Task:
With the pictures omitted, repeat exactly the lines below starting with the line that has "(roll, pitch, yaw))" and going on through the line that has "Example of the".

┏━━

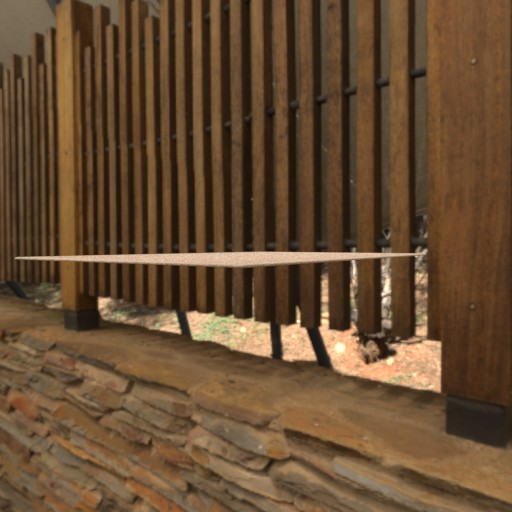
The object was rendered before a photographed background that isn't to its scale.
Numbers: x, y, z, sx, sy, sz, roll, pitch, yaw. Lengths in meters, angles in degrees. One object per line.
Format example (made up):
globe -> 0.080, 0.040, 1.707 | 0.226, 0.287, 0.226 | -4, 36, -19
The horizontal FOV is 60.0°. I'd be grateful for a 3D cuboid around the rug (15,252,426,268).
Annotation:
rug -> 0.000, 0.000, 2.269 | 1.219, 0.010, 1.829 | 1, 2, 35
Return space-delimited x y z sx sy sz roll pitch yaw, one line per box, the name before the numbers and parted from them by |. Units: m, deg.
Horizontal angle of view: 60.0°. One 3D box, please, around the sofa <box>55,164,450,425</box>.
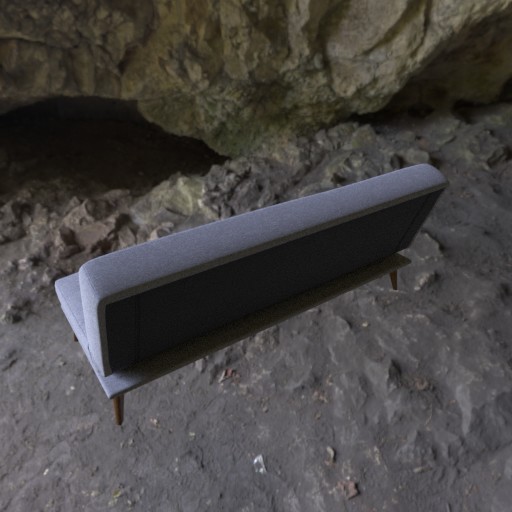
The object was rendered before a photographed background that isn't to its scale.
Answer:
sofa | 0.000 0.000 2.245 1.800 0.810 0.860 -19 35 -29
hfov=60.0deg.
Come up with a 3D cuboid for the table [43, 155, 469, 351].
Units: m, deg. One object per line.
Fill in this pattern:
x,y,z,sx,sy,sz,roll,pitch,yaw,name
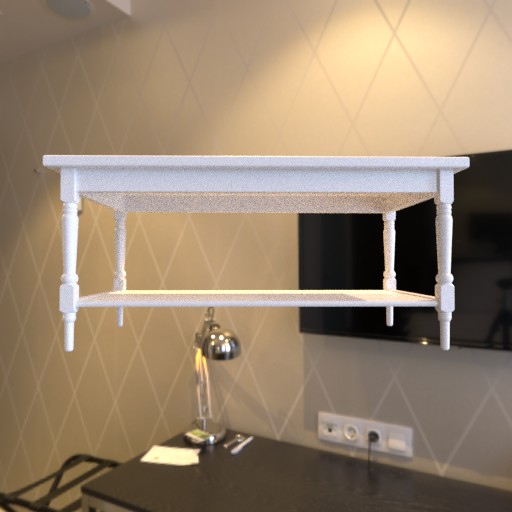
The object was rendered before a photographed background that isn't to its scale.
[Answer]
0.000,0.000,1.418,1.107,0.510,0.550,0,-1,-1,table
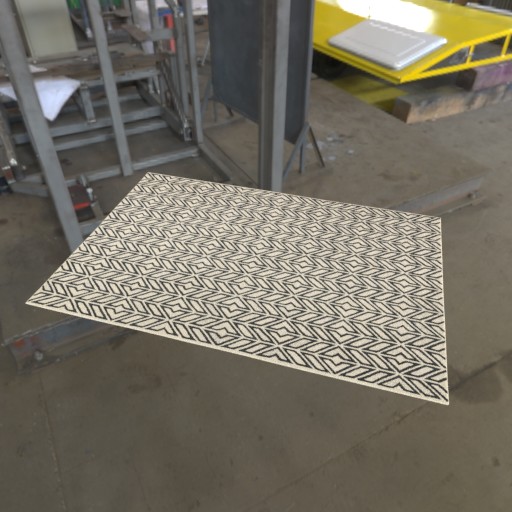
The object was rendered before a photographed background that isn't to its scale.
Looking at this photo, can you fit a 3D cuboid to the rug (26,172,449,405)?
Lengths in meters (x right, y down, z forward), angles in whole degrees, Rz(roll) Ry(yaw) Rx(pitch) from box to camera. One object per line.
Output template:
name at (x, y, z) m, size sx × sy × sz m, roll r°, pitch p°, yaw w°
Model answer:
rug at (0.000, 0.000, 2.264) m, size 1.828 × 0.007 × 1.220 m, roll 11°, pitch 42°, yaw 12°
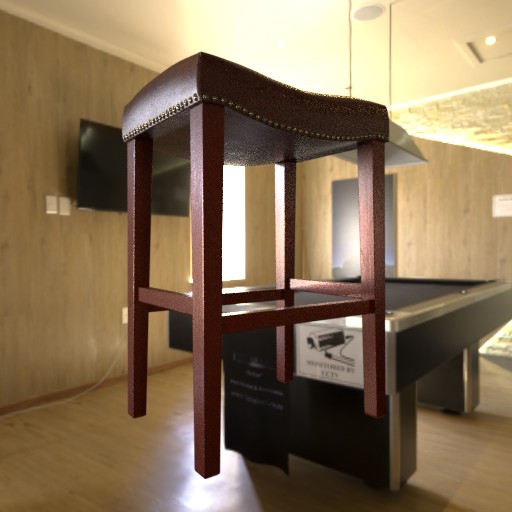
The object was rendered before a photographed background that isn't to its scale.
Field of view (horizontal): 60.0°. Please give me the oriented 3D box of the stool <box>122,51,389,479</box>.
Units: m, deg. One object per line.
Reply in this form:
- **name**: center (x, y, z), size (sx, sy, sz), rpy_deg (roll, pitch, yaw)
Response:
- **stool**: center (0.000, 0.000, 1.024), size (0.504, 0.742, 0.372), rpy_deg (-1, 2, -36)
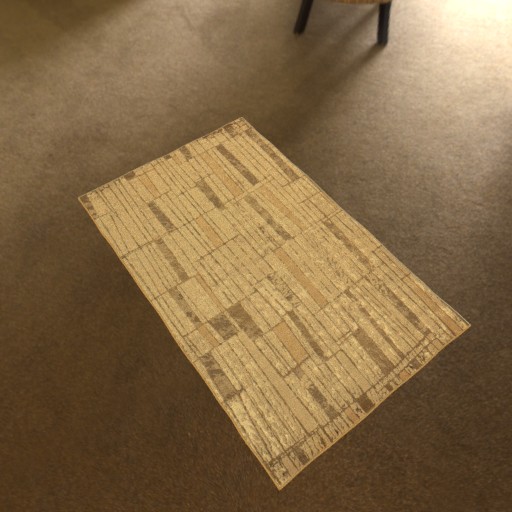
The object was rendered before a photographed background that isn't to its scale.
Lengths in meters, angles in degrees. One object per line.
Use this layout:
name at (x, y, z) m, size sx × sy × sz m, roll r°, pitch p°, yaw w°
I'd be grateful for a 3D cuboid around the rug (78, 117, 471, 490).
rug at (0.000, 0.000, 3.048) m, size 1.531 × 0.023 × 2.444 m, roll -32°, pitch 62°, yaw -19°
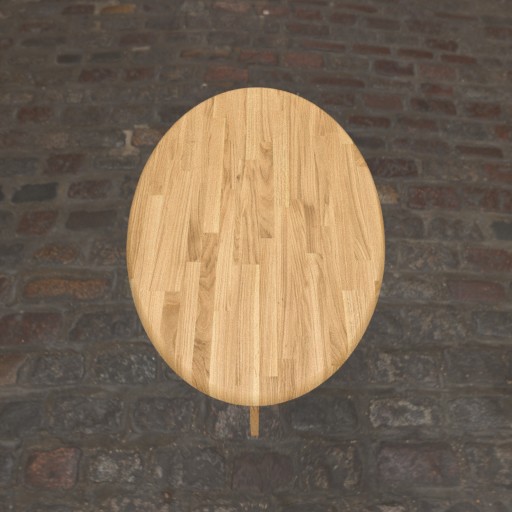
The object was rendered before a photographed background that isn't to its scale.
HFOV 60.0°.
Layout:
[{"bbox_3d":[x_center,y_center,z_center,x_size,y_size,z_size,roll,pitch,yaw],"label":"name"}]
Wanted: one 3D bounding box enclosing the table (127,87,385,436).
[{"bbox_3d":[0.000,0.000,1.408,0.690,0.490,1.040,0,58,0],"label":"table"}]
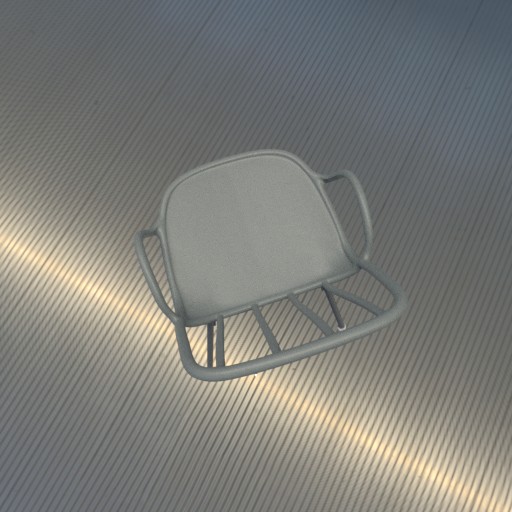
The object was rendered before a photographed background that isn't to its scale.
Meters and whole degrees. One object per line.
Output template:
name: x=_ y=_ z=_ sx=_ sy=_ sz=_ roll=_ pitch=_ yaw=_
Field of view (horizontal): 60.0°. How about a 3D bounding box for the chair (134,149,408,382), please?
chair: x=0.000 y=0.000 z=1.209 sx=0.549 sy=0.816 sz=0.597 roll=-17 pitch=76 yaw=-5
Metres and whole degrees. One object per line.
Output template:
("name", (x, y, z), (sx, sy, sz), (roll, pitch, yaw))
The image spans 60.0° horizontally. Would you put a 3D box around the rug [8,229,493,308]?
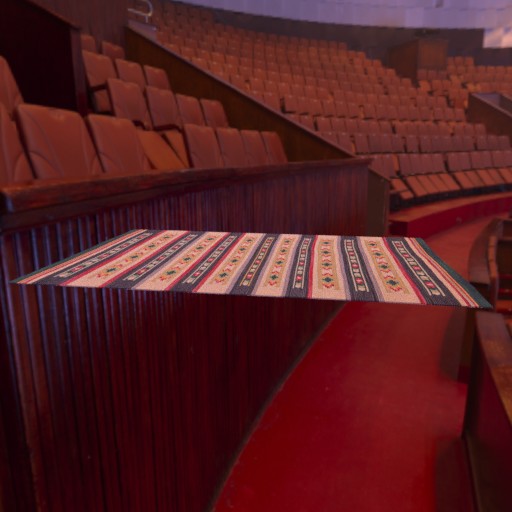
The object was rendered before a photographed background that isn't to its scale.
("rug", (0.000, 0.000, 2.800), (2.311, 0.010, 1.522), (2, 14, 9))
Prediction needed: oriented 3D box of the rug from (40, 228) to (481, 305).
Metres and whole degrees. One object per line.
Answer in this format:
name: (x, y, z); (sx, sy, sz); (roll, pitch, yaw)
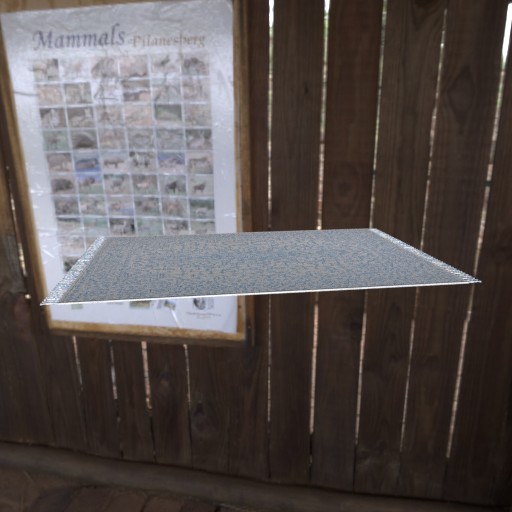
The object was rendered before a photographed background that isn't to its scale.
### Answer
rug: (0.000, 0.000, 3.140); (2.438, 0.010, 1.524); (-2, 16, -8)
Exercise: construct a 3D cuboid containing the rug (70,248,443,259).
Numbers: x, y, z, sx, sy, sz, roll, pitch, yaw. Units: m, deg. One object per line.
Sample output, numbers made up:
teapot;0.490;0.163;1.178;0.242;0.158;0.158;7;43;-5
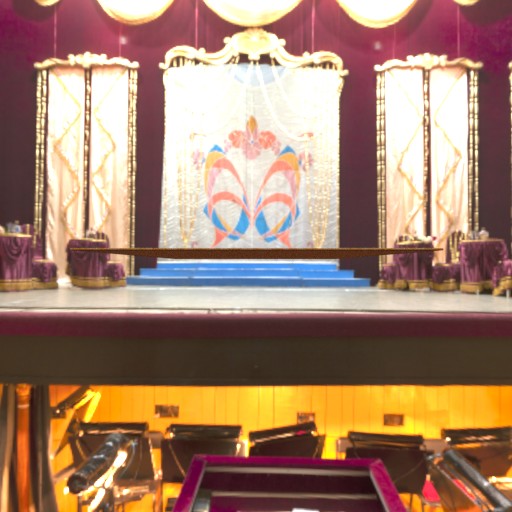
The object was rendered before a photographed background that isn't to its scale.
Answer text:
rug;0.000;0.000;2.991;1.511;0.010;2.424;0;-1;0
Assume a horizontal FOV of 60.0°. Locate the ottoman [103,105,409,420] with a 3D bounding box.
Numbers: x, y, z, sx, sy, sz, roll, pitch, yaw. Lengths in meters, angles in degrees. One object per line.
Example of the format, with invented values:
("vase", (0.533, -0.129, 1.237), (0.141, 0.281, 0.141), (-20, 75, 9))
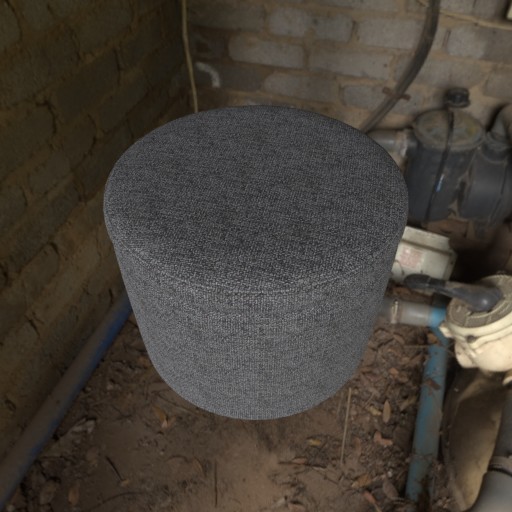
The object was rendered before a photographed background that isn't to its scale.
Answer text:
("ottoman", (0.000, 0.000, 0.899), (0.520, 0.430, 0.520), (0, 46, 0))
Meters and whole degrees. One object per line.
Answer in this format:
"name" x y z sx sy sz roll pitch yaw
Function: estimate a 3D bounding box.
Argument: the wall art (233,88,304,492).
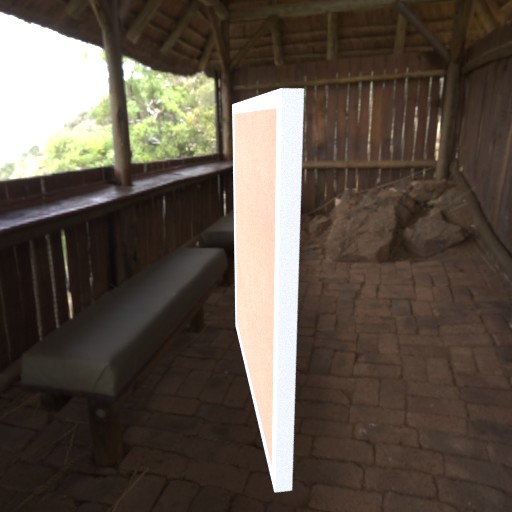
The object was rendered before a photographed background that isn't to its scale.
"wall art" 0.000 0.000 1.139 0.036 0.760 0.760 -2 17 -8
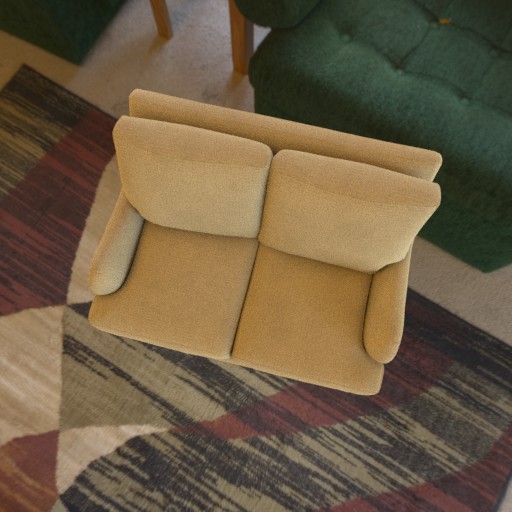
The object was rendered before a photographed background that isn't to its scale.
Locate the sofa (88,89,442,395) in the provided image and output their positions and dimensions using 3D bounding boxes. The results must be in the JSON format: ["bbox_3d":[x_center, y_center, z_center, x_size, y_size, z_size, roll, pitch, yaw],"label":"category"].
[{"bbox_3d":[0.000,0.000,2.236,1.480,0.999,1.087,13,76,3],"label":"sofa"}]
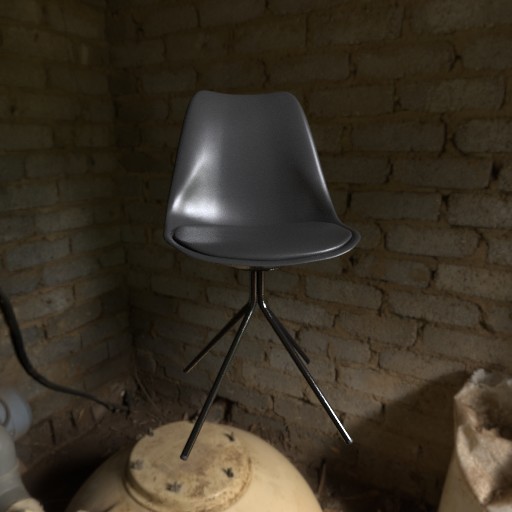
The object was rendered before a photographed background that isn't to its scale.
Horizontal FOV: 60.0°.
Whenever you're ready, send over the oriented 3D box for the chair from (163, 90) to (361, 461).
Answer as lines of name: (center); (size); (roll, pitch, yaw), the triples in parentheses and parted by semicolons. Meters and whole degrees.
chair: (0.000, 0.000, 1.147); (0.461, 0.850, 0.525); (-2, 15, -8)
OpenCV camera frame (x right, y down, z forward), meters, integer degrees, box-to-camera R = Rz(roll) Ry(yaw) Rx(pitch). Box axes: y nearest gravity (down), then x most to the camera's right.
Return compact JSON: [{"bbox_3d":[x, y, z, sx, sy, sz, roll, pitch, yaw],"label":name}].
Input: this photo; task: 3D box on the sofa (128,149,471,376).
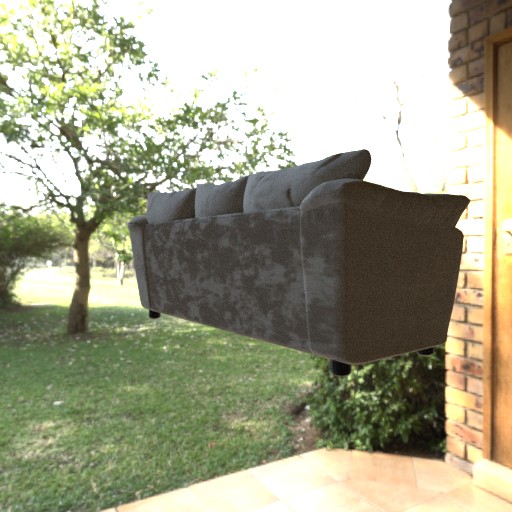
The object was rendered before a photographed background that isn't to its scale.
[{"bbox_3d":[0.000,0.000,2.818,0.893,0.981,2.377,-1,1,-36],"label":"sofa"}]
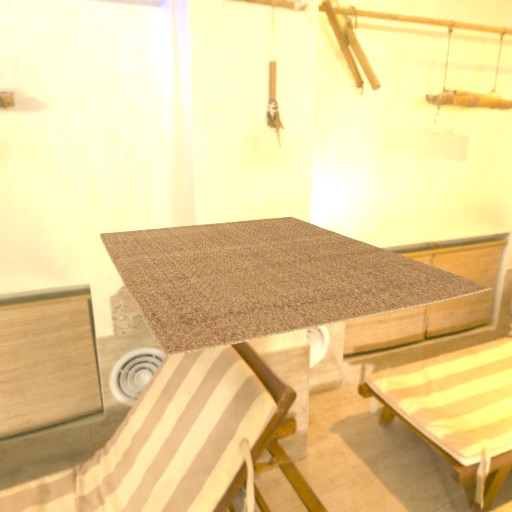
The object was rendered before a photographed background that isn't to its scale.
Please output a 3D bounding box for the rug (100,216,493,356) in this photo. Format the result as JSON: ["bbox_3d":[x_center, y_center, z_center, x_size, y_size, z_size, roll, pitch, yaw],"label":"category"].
[{"bbox_3d":[0.000,0.000,4.037,2.439,0.013,3.048,-7,17,-24],"label":"rug"}]
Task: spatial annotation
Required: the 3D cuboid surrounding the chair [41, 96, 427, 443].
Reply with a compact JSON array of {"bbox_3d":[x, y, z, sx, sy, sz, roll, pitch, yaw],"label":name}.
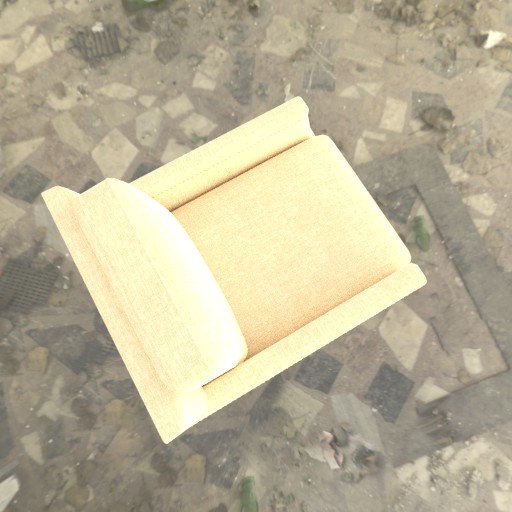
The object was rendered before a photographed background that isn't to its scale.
[{"bbox_3d":[0.000,0.000,1.716,1.041,0.940,0.838,-29,77,-7],"label":"chair"}]
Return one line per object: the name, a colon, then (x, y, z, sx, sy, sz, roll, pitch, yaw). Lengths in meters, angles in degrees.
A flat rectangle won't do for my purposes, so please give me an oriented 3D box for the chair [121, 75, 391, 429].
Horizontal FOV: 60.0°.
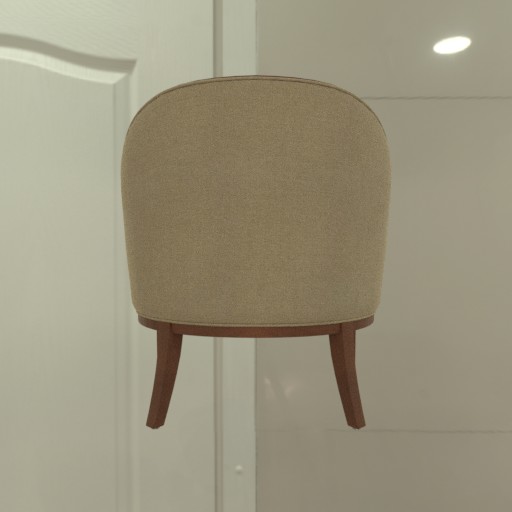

┗━━

Exercise answer:
("name", (x, y, z), (sx, sy, sz), (roll, pitch, yaw))
The image spans 60.0° horizontally. Would you put a 3D box around the rug [8,229,493,308]?
The object was rendered before a photographed background that isn't to its scale.
("rug", (0.000, 0.000, 2.800), (2.311, 0.010, 1.522), (2, 14, 9))
Prediction needed: oriented 3D box of the rug from (40, 228) to (481, 305).
Metres and whole degrees. One object per line.
Answer in this format:
name: (x, y, z); (sx, sy, sz); (roll, pitch, yaw)
The object was rendered before a photographed background that isn't to its scale.
### Answer
rug: (0.000, 0.000, 3.140); (2.438, 0.010, 1.524); (-2, 16, -8)
Exercise: construct a 3D cuboid containing the rug (70,248,443,259).
Numbers: x, y, z, sx, sy, sz, roll, pitch, yaw. Units: m, deg. One object per line.
Sample output, numbers made up:
teapot;0.490;0.163;1.178;0.242;0.158;0.158;7;43;-5
The object was rendered before a photographed background that isn't to its scale.
Answer text:
rug;0.000;0.000;2.991;1.511;0.010;2.424;0;-1;0
Assume a horizontal FOV of 60.0°. Locate the ottoman [103,105,409,420] with a 3D bounding box.
Numbers: x, y, z, sx, sy, sz, roll, pitch, yaw. Lengths in meters, angles in degrees. One object per line.
Example of the format, with invented values:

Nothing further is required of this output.